Record excerpts section start

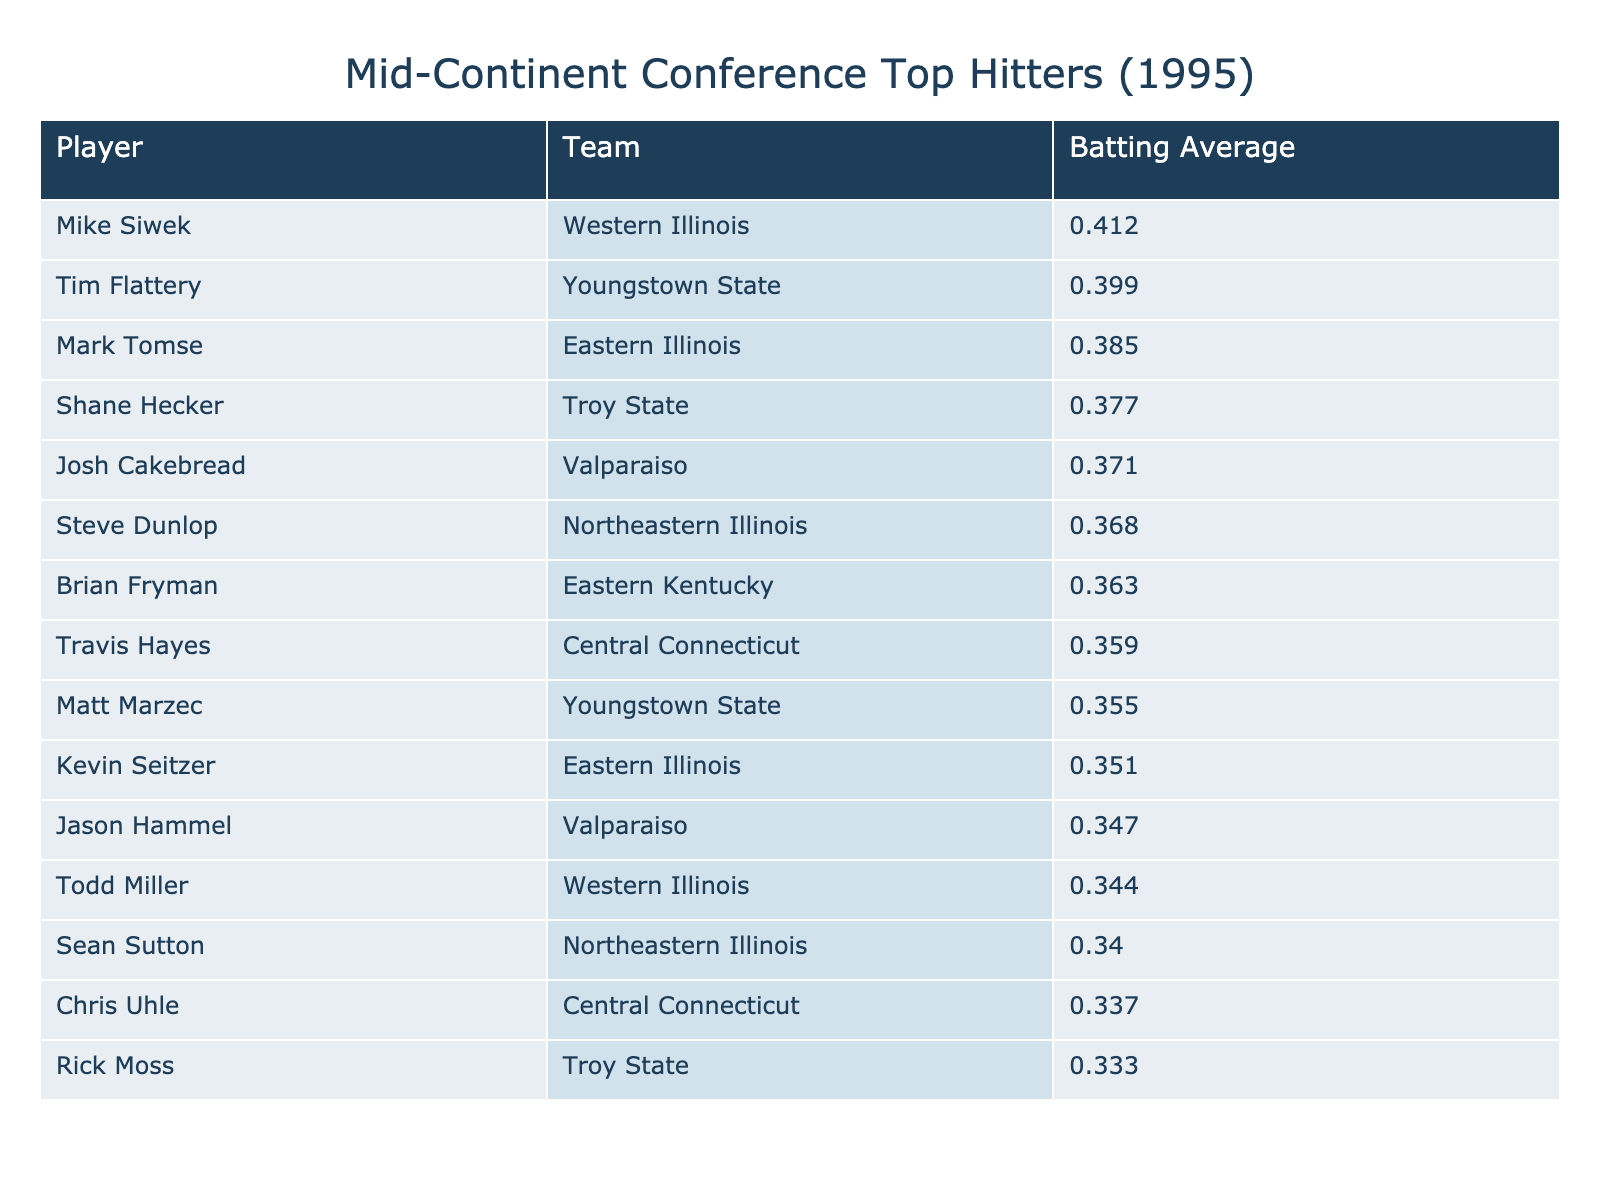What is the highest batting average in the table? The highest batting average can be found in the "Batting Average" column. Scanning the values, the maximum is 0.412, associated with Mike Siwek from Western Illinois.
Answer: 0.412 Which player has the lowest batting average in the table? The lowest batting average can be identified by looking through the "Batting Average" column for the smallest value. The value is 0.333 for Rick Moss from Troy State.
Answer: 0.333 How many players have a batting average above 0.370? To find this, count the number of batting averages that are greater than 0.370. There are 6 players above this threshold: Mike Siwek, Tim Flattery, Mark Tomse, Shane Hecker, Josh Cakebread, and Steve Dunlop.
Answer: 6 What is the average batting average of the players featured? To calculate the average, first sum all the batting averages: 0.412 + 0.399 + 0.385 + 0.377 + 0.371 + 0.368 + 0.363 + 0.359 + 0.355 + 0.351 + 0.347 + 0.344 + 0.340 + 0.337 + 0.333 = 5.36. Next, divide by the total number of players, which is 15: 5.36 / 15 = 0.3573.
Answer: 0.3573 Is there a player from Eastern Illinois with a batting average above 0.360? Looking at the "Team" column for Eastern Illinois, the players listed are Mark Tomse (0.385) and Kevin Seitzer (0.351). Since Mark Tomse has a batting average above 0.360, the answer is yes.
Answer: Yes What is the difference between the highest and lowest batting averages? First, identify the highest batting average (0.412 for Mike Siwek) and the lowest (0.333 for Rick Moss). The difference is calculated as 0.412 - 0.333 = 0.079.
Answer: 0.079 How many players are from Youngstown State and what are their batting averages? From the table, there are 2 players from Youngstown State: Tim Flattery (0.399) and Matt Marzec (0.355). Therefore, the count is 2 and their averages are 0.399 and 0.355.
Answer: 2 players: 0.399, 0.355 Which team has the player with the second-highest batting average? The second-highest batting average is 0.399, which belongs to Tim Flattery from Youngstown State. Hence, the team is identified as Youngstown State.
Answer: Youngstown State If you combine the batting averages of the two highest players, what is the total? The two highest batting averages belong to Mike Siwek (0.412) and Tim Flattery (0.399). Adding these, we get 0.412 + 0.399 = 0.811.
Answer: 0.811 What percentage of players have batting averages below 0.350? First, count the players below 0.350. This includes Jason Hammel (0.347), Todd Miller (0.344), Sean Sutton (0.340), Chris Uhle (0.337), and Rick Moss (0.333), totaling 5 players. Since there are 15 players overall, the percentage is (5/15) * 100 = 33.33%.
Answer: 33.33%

Record excerpts section end

[Your assignment] From the data above, reproduce word for word the lines running from the line with "Answer: 0.412 Which" to the line with "Answer: 6 What", ends included.

[Written answer]
Answer: 0.412 Which player has the lowest batting average in the table? The lowest batting average can be identified by looking through the "Batting Average" column for the smallest value. The value is 0.333 for Rick Moss from Troy State.
Answer: 0.333 How many players have a batting average above 0.370? To find this, count the number of batting averages that are greater than 0.370. There are 6 players above this threshold: Mike Siwek, Tim Flattery, Mark Tomse, Shane Hecker, Josh Cakebread, and Steve Dunlop.
Answer: 6 What is the average batting average of the players featured? To calculate the average, first sum all the batting averages: 0.412 + 0.399 + 0.385 + 0.377 + 0.371 + 0.368 + 0.363 + 0.359 + 0.355 + 0.351 + 0.347 + 0.344 + 0.340 + 0.337 + 0.333 = 5.36. Next, divide by the total number of players, which is 15: 5.36 / 15 = 0.3573.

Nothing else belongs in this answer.